Para deixar a cena emocionante, por que não uma canção para esta ocasião? Nada melhor que It's My Life do Bon Jovi. Com seus minúsculos olhos negros, Pinça olhou para um lado e para outro assustado com o que ouvia. Aquela canção estava em todo lugar. Aproveitei de seu descuido e cortei uma de suas patas. E mais outra. E outra. E quando cortaria mais uma, fui surpreendido por sua garra dilacerando uma de minhas asas fazendo-me ser lançado para baixo. Uma coisa que acabei não informado era que, sempre que criava algo, precisava de pelo menos 52 segundos para recuperação do meu dom e posterior nova utilização.

O sabor de sangue não me incomodava. Já a dor... a dor era sufocante. Latejante. No mínimo, uma ou duas costelas quebradas. O ar faltou e arquejei. A tonteira deu início. Chacoalhei para lá e para cá a cabeça na tentativa de recuperar a consciência. Respirei fundo. Escorei minha mão direita sobre o joelho e me impulsionei até ficar totalmente ereto. Mas fora tardio demais. Pinça não perdera tempo e com um impulso estrondoso surgira em minha frente transferindo um poderoso golpe. E mais outro. E outro. E outro. Tentei chutá-lo, mas suas garras prenderam meu pé e, após alguns chocalhões, me lançou para longe. Por sorte, se isso pode ser chamado de sorte, parei graças a um veículo estacionado. Pobre carro.

A luta se intensificou quando a chuva deu início. Foram vários golpes e contragolpes. Golpeava de cima para baixo seu encefalotórax, de baixo para cima, chutava, voava, construía lança foguetes, escudos, enfim, tentei de tudo. Sempre quando estava prestes a vencê-lo, um estranho som agudo surgia drenando minhas energias. Pinça estava poderoso. Eufórico. Invencível. E o som agudo ficava cada vez maior sobressaindo inclusive meu amado Bon Jovi. Mas isso não parecia incomodá-lo e, com imprudência, Pinça aproveitou de um desses momentos e me atacou com sua guarda aberta. Foi seu maior erro e o momento que eu precisava. Com a palma de minha mão, criei uma espécie de lança transferindo um golpe mortal em sua estrutura alargada e ovalada, isto é, seu ponto mais vulnerável, o centro da região ventral.

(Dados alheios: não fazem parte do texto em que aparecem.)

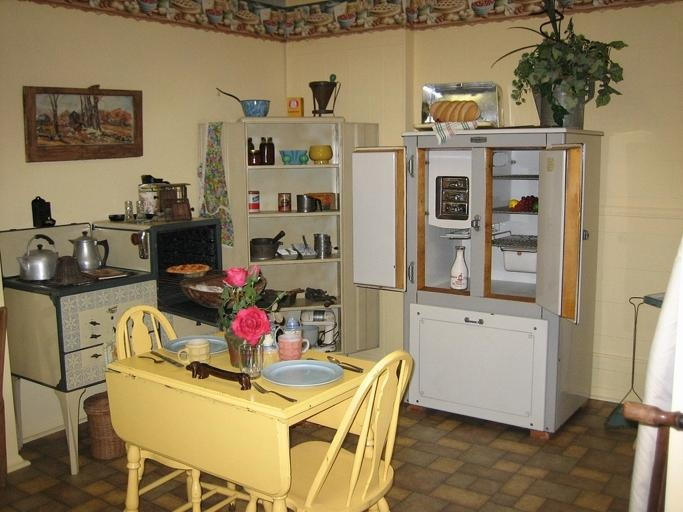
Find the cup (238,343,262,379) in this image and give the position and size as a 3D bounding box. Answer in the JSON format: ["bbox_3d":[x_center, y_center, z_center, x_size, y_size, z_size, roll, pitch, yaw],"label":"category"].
[{"bbox_3d":[-0.407,0.482,2.530,0.093,0.123,0.142,-2,4,-5],"label":"cup"}]

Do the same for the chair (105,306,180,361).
[{"bbox_3d":[-1.189,0.451,3.192,0.293,0.412,0.319,-13,23,-40],"label":"chair"}]

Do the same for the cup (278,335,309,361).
[{"bbox_3d":[-0.243,0.446,2.719,0.161,0.140,0.106,-3,6,-37],"label":"cup"}]

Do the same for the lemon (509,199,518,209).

Pinça ainda momentaneamente tentou contra golpear-me, mas suas garras logo afrouxaram-se e tombaram. Aquele ser que por anos causou desgraça e desordem, finalmente sucumbiu.

O zunido então cessou. O silêncio voltou a reinar. Respirei fundo aliviado. Meu corpo doía. A chuva, intensificado. Mas toda aquela paz não perpetuou por muito tempo. A carapaça de Pinça começou a se mover e remexer como se desse início a uma ecdise. Por fim, estourou liberando dezenas de centenas de filhotes. Ajoelhei-me. Não que eu tenha desistido. Longe disso. Mas o barulho agudo voltara e, desta vez, ensurdecedor. Tampei como pode meus ouvidos, mas aquele som superava a barreira imposta pelas minhas mãos e perfurava meus tímpanos.

— O que está acontecendo comigo? — gritei — Essa dor. Meu peito dói. Tudo dói. Não está certo. — arquejei e tonteei — Minha visão está turva e, o ar, desde quando ficou tão denso? Preciso me recompor. Me levantar. — tentei de toda forma, mas o corpo, meus movimentos, simplesmente não respondia. O desespero iniciou-se. Por fim, meu corpo relaxou e tudo se apagou.